I have some images “X” which I pass through a network that outputs some boundary boxes. Based on these boundary boxes I crop “X” and get “cropped X”. The “cropped X” is reduced to grayscale and the mean is computed (per image).

In case the mean is < 0.8, I change it to 0, otherwise, it keeps its value. This is then used with a SmoothL1Loss with the hopes that I can train the network to output boundary boxes that contain some content and it’s not blank, i.e. their grayscale mean is lower than 0.8.

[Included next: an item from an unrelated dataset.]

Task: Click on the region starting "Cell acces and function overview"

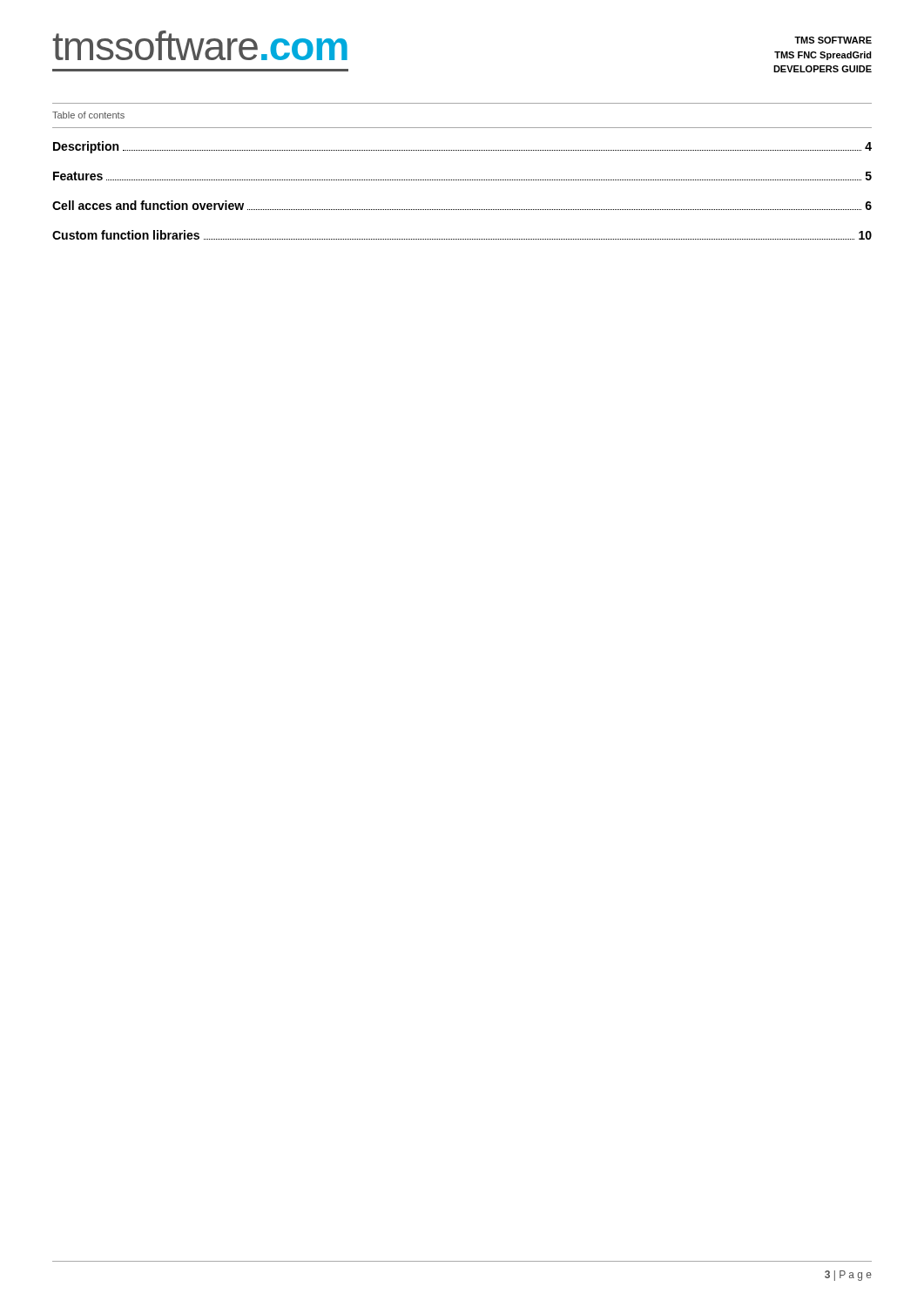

Up until the computation of the boundary boxes, I understand the gradient flow. From there on, I would like some advice/insights.

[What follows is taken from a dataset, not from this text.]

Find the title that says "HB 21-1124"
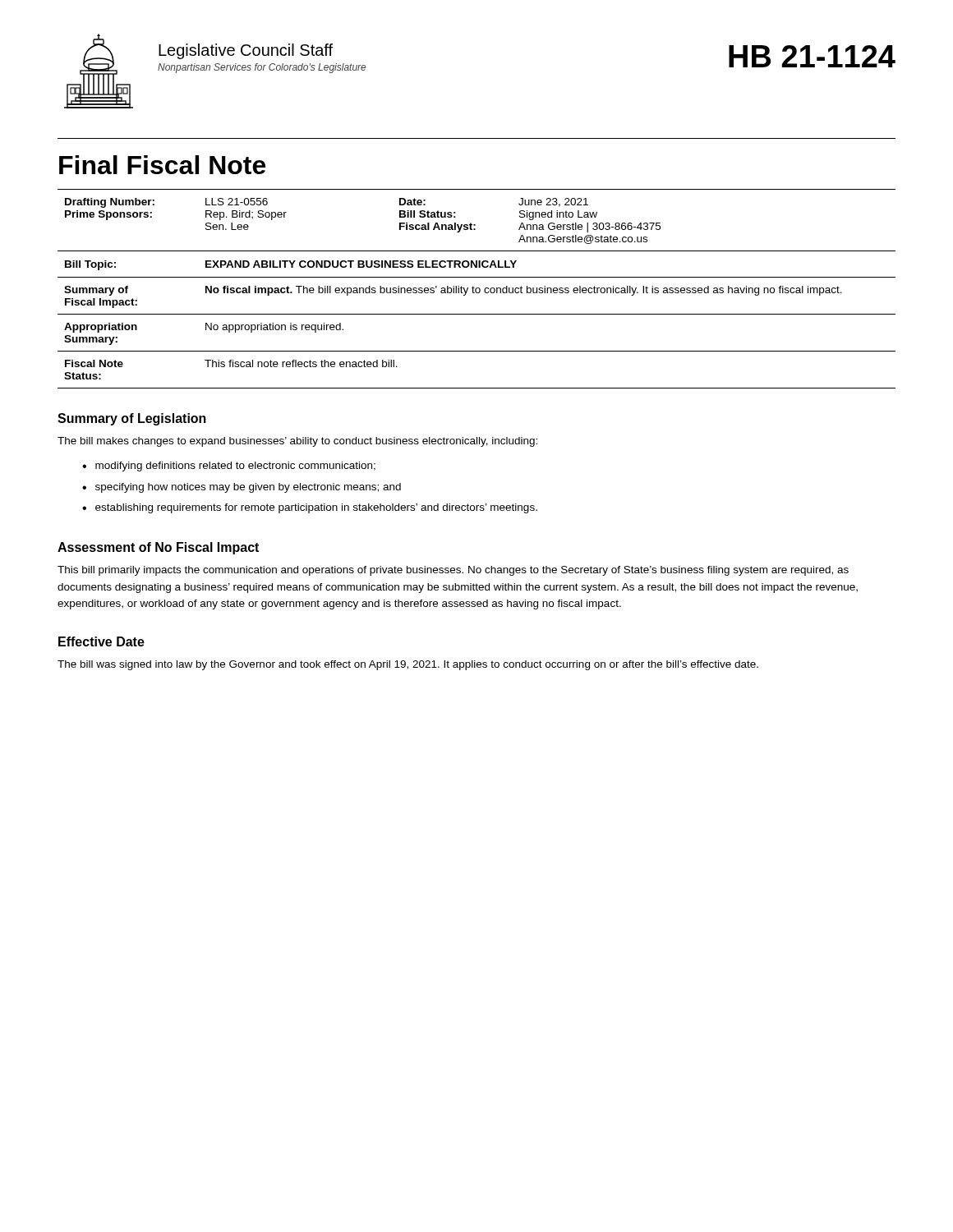pos(811,57)

I slice the images “X” based on the boundary boxes, i.e.:

temp_x_2 = temp_x[:, int(bbxes[i, j, 2]):int(bbxes[i, j, 2] + bbxes[i, j, 0]),

int(bbxes[i, j, 3]):int(bbxes[i, j, 3] + bbxes[i, j, 1])]

(A) Do I need to set the “requires_grad” to True for temp_x? Note that bbxes have requires_grad set to True.

Following that, I manually convert them to grayscale and compute the mean, all using torch operations, i.e.:

temp_x_2[0, :, :] = temp_x_2[0, :, :] * 299/1000

temp_x_2[1, :, :] = temp_x_2[1, :, :] * 587/1000

temp_x_2[2, :, :] = temp_x_2[2, :, :] * 114/1000

temp_x_2 = torch.sum(temp_x_2, dim=0)

… = torch.mean(temp_x_2)

(B) Does this look (1) right and (2) efficient? I avoid pillow operations to keep the gradient flow going.

Finally, when I pass the means into SmoothL1Loss with the target set to 0, I get “leaf variable has been moved into the graph interior”. © Why is this the case?

Any insights & advice would be greatly appreciated!